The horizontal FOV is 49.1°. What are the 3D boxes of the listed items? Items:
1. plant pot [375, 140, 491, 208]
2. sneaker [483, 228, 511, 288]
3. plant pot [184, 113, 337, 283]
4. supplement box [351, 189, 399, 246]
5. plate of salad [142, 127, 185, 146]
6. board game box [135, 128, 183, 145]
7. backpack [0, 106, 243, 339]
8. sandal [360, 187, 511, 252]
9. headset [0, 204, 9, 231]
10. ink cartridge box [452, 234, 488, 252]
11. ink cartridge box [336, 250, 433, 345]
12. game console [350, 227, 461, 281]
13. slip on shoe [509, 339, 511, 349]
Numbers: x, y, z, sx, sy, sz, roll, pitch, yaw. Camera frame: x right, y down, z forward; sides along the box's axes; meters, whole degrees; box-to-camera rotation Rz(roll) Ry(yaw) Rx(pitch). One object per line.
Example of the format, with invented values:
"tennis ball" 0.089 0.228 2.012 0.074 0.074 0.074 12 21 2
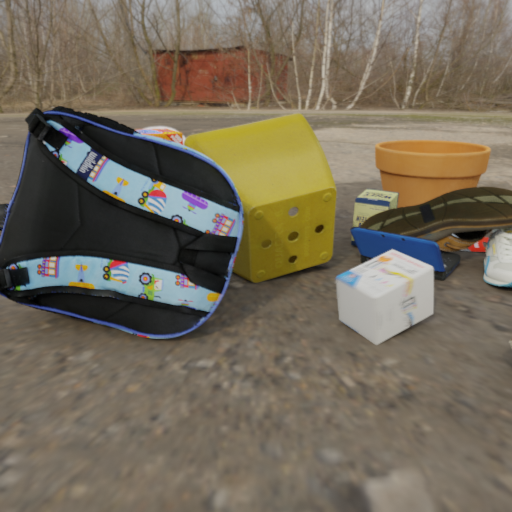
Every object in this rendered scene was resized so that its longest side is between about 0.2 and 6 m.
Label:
"plant pot" 3.802 -1.605 12.430 2.400 1.680 2.400 1 18 0
"sneaker" 4.080 -0.006 9.086 0.724 0.764 1.891 5 20 11
"plant pot" 0.222 -0.824 9.348 2.184 2.184 1.927 -16 40 -17
"supplement box" 2.313 -0.721 10.886 0.647 0.964 0.963 10 22 22
"plate of salad" -2.954 -2.390 14.933 2.597 0.624 2.597 -8 56 12
"board game box" -2.698 -1.848 12.651 1.864 1.865 1.863 -7 17 -18
"backpack" -1.607 -0.341 7.407 2.899 2.646 1.950 16 3 4
"sandal" 3.249 -0.448 9.614 2.949 0.805 1.205 -15 31 17
"headset" -5.035 -0.685 11.493 1.080 0.822 1.749 0 5 30
"ink cartridge box" 3.963 -0.378 10.926 1.286 0.304 1.029 4 19 16
"ink cartridge box" 1.668 0.503 7.226 1.007 0.729 0.742 -23 31 -25
"game console" 2.530 -0.202 9.407 1.507 0.892 1.286 14 31 35
"slip on shoe" 3.915 0.889 6.283 3.053 1.161 0.925 -7 58 -47
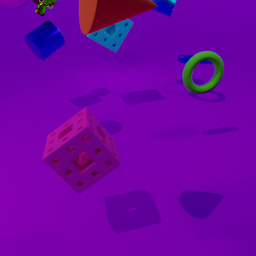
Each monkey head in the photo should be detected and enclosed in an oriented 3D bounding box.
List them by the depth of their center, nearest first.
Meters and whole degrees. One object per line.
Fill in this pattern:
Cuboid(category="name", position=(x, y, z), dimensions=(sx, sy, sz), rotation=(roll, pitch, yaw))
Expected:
Cuboid(category="monkey head", position=(-2.770, -4.038, 8.843), dimensions=(0.790, 0.944, 1.312), rotation=(25, 4, 36))

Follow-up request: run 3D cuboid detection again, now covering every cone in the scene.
Cuboid(category="cone", position=(-0.043, -1.483, 3.258), dimensions=(0.877, 0.874, 0.874), rotation=(0, 28, -23))

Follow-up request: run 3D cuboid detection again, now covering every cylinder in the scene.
Cuboid(category="cylinder", position=(-2.667, -2.806, 9.010), dimensions=(0.916, 0.916, 0.916), rotation=(-45, 47, -18))
Cuboid(category="cylinder", position=(1.306, -4.557, 10.077), dimensions=(0.824, 0.824, 0.824), rotation=(23, 32, 0))

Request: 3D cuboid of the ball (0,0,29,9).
Cuboid(category="ball", position=(-2.536, -3.071, 5.971), dimensions=(0.976, 0.976, 0.976), rotation=(0, 30, 0))

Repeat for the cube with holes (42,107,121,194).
Cuboid(category="cube with holes", position=(-0.746, 0.349, 4.601), dimensions=(0.845, 0.845, 0.845), rotation=(-36, 25, 6))

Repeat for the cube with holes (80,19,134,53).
Cuboid(category="cube with holes", position=(-0.700, -3.304, 9.019), dimensions=(1.076, 1.076, 1.076), rotation=(21, 23, -35))

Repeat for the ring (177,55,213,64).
Cuboid(category="ring", position=(2.458, -2.438, 9.975), dimensions=(1.393, 0.279, 1.393), rotation=(2, 15, -1))

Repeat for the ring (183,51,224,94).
Cuboid(category="ring", position=(1.960, -1.418, 7.280), dimensions=(1.139, 1.139, 0.228), rotation=(-7, 31, -12))
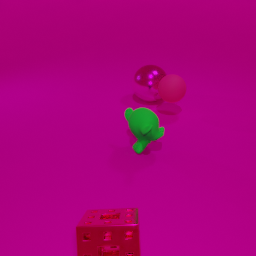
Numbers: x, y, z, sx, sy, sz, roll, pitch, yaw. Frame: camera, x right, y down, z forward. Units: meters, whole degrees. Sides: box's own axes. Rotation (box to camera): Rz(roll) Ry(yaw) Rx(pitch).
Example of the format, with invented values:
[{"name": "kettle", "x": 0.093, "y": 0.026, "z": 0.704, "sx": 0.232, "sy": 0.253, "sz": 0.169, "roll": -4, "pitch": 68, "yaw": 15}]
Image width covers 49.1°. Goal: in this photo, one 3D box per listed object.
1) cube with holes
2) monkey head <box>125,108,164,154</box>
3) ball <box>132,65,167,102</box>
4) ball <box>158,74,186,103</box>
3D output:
[{"name": "cube with holes", "x": -0.232, "y": 1.648, "z": 3.950, "sx": 0.806, "sy": 0.806, "sz": 0.806, "roll": -3, "pitch": -1, "yaw": 2}, {"name": "monkey head", "x": 0.314, "y": 0.042, "z": 6.870, "sx": 0.875, "sy": 1.044, "sz": 1.452, "roll": 37, "pitch": 3, "yaw": -30}, {"name": "ball", "x": 0.768, "y": -1.525, "z": 9.597, "sx": 1.271, "sy": 1.271, "sz": 1.271, "roll": 0, "pitch": 29, "yaw": 0}, {"name": "ball", "x": 1.339, "y": -1.194, "z": 8.511, "sx": 0.855, "sy": 0.855, "sz": 0.855, "roll": 0, "pitch": 29, "yaw": 0}]
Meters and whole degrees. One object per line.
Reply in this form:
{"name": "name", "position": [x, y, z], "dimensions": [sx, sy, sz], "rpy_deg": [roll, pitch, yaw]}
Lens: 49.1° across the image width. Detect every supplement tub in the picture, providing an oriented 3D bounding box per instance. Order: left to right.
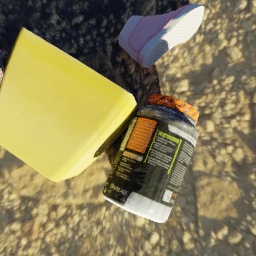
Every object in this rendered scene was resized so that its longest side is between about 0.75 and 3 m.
{"name": "supplement tub", "position": [0.671, 0.734, 7.311], "dimensions": [1.805, 1.805, 2.947], "rpy_deg": [23, 80, 5]}

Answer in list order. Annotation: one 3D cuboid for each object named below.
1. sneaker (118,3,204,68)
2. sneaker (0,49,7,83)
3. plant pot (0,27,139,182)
{"name": "sneaker", "position": [0.943, -3.109, 8.515], "dimensions": [2.905, 1.093, 1.519], "rpy_deg": [-41, 63, -20]}
{"name": "sneaker", "position": [-3.719, -1.693, 8.418], "dimensions": [0.485, 0.523, 1.298], "rpy_deg": [7, 103, 5]}
{"name": "plant pot", "position": [-1.644, -0.284, 7.192], "dimensions": [2.874, 2.874, 2.535], "rpy_deg": [33, 90, 7]}
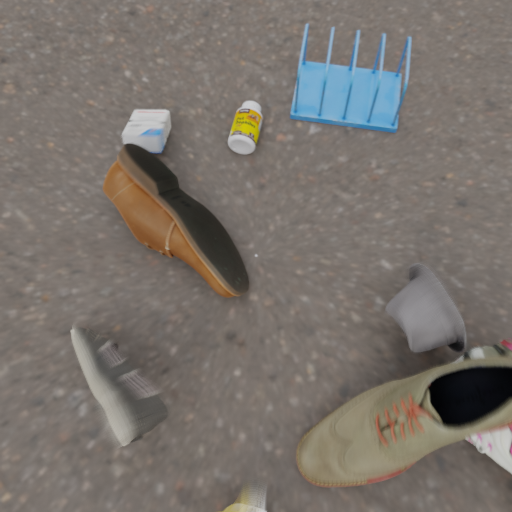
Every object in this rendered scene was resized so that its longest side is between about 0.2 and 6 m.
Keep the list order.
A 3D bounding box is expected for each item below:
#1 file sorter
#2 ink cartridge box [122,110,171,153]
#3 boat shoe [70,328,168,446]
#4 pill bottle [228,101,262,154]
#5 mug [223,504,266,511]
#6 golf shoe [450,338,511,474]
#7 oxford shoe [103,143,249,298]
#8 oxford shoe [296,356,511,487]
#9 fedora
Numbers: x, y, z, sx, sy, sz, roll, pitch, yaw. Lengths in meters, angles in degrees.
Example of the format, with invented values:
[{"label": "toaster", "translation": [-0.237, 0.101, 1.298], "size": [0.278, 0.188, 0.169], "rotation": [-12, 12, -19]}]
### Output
[{"label": "file sorter", "translation": [1.895, -3.597, 11.206], "size": [2.176, 1.335, 1.510], "rotation": [9, 65, 4]}, {"label": "ink cartridge box", "translation": [-2.117, -2.443, 10.944], "size": [0.727, 0.420, 0.996], "rotation": [3, 41, 5]}, {"label": "boat shoe", "translation": [-2.112, 1.825, 8.435], "size": [0.727, 0.852, 2.550], "rotation": [-21, 35, -24]}, {"label": "pill bottle", "translation": [-0.193, -2.564, 11.126], "size": [0.552, 0.552, 1.010], "rotation": [11, 64, 5]}, {"label": "mug", "translation": [-0.254, 3.752, 7.778], "size": [0.964, 0.791, 0.772], "rotation": [45, 70, -4]}, {"label": "golf shoe", "translation": [3.832, 2.765, 8.341], "size": [1.334, 1.052, 2.898], "rotation": [-21, 60, 13]}, {"label": "oxford shoe", "translation": [-1.438, -0.414, 9.922], "size": [3.344, 1.193, 1.192], "rotation": [48, 113, 11]}, {"label": "oxford shoe", "translation": [2.102, 2.237, 7.908], "size": [3.631, 1.358, 1.279], "rotation": [-28, 60, 10]}, {"label": "fedora", "translation": [2.548, 0.954, 8.730], "size": [0.772, 1.711, 1.513], "rotation": [-29, 75, 3]}]
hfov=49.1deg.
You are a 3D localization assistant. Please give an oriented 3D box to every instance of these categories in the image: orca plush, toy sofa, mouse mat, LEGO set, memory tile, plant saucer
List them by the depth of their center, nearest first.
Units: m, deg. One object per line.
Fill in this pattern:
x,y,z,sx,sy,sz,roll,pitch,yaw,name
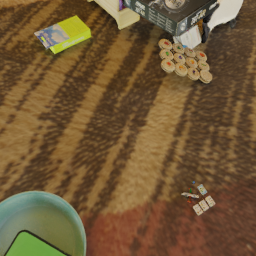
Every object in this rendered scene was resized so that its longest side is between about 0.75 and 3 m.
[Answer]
-2.037,3.607,5.661,1.965,0.092,2.442,28,73,6,mouse mat
-2.140,2.662,6.243,2.441,0.439,2.441,1,70,-3,plant saucer
1.784,1.775,7.233,0.578,0.190,0.774,-28,73,-17,LEGO set
1.919,-2.246,9.353,1.881,0.158,1.442,12,57,-18,memory tile
3.380,-4.274,10.867,1.437,0.971,2.731,41,69,-27,orca plush
-0.618,-5.141,10.994,1.024,1.207,2.473,-32,62,-20,toy sofa

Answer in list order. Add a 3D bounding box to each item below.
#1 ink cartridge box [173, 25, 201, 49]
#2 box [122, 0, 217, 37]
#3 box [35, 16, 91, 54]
2.124,-3.179,10.010,0.930,0.672,0.394,-37,34,-21,ink cartridge box
1.446,-4.560,9.981,2.159,0.587,2.695,-38,64,-21,box
-2.395,-3.442,10.357,1.769,0.422,1.079,-31,62,-18,box
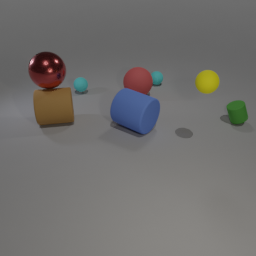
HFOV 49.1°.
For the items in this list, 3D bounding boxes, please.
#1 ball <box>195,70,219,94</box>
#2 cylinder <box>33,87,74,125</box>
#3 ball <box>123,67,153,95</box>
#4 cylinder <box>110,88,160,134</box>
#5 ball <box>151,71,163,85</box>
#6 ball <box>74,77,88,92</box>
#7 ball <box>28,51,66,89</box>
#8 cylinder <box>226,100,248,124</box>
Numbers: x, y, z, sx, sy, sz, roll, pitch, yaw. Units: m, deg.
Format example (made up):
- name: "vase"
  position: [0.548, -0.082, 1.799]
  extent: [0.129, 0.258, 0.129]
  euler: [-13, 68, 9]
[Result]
============================================================
■ **TO DO**
Write out, unaltered, the lines from the opening of the listing through the line that includes "10. ink cartridge box [452, 234, 488, 252]".

■ **SOLUTION FOR THIS PROBLEM**
The horizontal FOV is 49.1°. What are the 3D boxes of the listed items? Items:
1. plant pot [375, 140, 491, 208]
2. sneaker [483, 228, 511, 288]
3. plant pot [184, 113, 337, 283]
4. supplement box [351, 189, 399, 246]
5. plate of salad [142, 127, 185, 146]
6. board game box [135, 128, 183, 145]
7. backpack [0, 106, 243, 339]
8. sandal [360, 187, 511, 252]
9. headset [0, 204, 9, 231]
10. ink cartridge box [452, 234, 488, 252]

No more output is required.